Belçika’nın Brüksel kentinden herkes onu” Tercüman Yakup” diye tanınırdı.. Birçok vatandaşa dokunan hizmetleri olan Tercüman Yakup Yurt’un, memleketi Gemlik İlçesi Umurbey Beldesi’nde hayatını kaybettiği paylaşıldı.
Brüksel’de görev yaptığı yıllarda, Belçika Atatürkçü Düşünce Derneği(BADD) ile birçok sosyal kültürel faaliyetlerde, vatandaşlara önderlik yapan Yakup Yurt, aynı zamanda BelTürk ve Binfikir gazetelerinde köşe yazıları kaleme aldığı gibi, bir haber sitesi kurarak, kendi görüş ve düşüncelerini de burada paylaşıyordu.
Brüksel’de yaşayan Türklerin ehliyet almalarında kolaylaştırıcı Tercüman olarak rol alan ve birçok mahkemede Türklerin daha iyi anlaşılabilmesi için resmi olarak tercümanlık yapan Yakup Yurt’un adı bu vesile ile “Tercüman Yakup Yurt”a” çıkmıştı..
İki oğlunu avukat olarak yetiştiren, onların diploma sevincini yaşayan Yakup Yurt’un vefatı, arkadaş, dost ve tanıdık çevrelerde büyük üzüntü yarattı..
Allah gani, gani rahmet, cennet mekan eylesin!
Eski Cumhurbaşkanlarından Celal Bayar’ın hemşeresi olmakla övünen Tercüman Yakup Yurt,1950 Doğumlu olup, Güzin Hanımla evlendi. Bu evlilikten Cavit ve Onur adında iki oğlu oldu.. Onların avukatlık heyecanı yaşayan Yakup Yurt, Belçika’da kendi kuşağı içinde, halkla bütünleşerek, halka hizmet etmeyi kendine şiar edindi.
Belçika’da iyi Fransızca’nın olduğu kadar iyi Türkçe’nin adresi olarak bilenen Tercüman Yakup ustayı özleyeceğiz..
BELTÜRK GAZETESİ YILLARI
Gazeteci, yazar Yusuf Cinal, ” Yakup Yurt ile tanışmamız, aynı zamanda babası ve kardeşi ile tanıştığımız günlere rastlar. Gayet disiplinli, işine odaklı, dedikoduda işi olmayan sanki halka hizmet için görevlendirilmiş bir iyilik meleği idi..
Birçok konuda Tercüman, Sakah ve Hürriyet gazetesi yıllarımda haber kaynaklarımdan biriydi.. Hiçbir haberi balon çıkmadı..
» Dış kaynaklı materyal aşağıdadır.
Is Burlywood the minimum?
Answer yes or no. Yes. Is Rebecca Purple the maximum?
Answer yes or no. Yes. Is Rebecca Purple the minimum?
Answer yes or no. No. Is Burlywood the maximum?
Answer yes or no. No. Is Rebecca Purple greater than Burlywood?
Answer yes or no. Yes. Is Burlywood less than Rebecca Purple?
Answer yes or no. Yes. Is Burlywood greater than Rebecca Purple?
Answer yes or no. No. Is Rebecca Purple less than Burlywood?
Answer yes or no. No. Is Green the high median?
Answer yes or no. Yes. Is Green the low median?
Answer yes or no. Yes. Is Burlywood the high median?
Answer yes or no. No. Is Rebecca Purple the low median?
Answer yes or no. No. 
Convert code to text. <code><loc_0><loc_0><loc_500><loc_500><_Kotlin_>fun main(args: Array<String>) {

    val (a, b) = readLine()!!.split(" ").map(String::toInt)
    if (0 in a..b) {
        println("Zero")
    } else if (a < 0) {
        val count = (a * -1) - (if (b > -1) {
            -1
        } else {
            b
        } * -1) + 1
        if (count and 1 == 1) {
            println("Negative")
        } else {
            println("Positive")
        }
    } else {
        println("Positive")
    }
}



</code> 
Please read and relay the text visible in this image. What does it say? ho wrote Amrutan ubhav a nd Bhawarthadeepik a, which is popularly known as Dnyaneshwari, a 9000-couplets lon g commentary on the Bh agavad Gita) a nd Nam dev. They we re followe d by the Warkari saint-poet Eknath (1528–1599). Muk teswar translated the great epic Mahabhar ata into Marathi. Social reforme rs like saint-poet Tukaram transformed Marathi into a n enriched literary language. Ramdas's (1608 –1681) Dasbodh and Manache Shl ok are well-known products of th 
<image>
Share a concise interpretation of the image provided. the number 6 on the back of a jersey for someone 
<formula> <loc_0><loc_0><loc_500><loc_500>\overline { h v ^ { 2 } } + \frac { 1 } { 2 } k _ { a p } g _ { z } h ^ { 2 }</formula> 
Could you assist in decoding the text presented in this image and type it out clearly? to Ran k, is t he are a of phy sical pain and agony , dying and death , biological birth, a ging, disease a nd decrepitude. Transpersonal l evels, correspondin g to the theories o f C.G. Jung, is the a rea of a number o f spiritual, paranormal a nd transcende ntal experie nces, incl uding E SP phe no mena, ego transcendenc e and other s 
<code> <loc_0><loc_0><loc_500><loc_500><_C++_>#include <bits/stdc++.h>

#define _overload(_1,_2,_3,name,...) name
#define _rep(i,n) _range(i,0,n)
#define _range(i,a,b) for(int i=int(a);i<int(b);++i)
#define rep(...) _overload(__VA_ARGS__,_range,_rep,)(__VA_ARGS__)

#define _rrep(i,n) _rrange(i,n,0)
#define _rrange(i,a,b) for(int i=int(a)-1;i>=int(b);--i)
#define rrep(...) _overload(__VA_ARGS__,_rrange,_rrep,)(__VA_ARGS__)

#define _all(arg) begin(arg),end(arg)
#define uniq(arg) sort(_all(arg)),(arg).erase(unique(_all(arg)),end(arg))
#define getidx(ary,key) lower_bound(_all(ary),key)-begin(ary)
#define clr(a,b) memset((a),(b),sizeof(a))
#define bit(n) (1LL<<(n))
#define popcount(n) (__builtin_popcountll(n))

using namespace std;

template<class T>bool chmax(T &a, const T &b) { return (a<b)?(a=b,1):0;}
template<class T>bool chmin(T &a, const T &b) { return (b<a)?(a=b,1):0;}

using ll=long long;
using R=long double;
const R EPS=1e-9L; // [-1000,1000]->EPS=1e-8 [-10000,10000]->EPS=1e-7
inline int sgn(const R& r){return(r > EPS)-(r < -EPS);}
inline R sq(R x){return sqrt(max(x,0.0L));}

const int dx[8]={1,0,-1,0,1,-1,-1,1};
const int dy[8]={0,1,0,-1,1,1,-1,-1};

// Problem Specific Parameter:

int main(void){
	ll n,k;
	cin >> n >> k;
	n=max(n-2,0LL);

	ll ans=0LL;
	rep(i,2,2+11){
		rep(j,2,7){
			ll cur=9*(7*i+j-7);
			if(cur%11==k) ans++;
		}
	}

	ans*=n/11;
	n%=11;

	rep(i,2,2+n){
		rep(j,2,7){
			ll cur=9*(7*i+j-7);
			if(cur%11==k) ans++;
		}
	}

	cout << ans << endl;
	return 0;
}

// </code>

Artık Belçikalı Türklere gazete yapma düşüncemi biliyordu..
Çark Europe, Hasret, Gurbet deneyimlerinden sonra Beltürk için karar verdiğimde, Yakup Yurt ustadan her hafta bir yazı kaleme almasını istedim.
Gayet yalın, halkın anlayabileceği bir dilde yazılar yazmaya başladı..Beltürk o yıllar 20 Bin baskı yapıyordu. Gazete balyalarını ta Arden dağlarının eteğindeki bir matbaadan alıp, halka ücretsiz dağıtıyorduk.. Her sayısından kendisine arşiv için gazete veriyordum.. Bunları cilt yaptırır hatıra olarak saklarsın demiştim.. Tercüman Yakup, bu Beltürk Gazete Kitabını, Umurbey Celal Bayar Üniversitesi Kütüphanesine bağışladı. Çok mutlu oldum ve kendisini tebrik ettim..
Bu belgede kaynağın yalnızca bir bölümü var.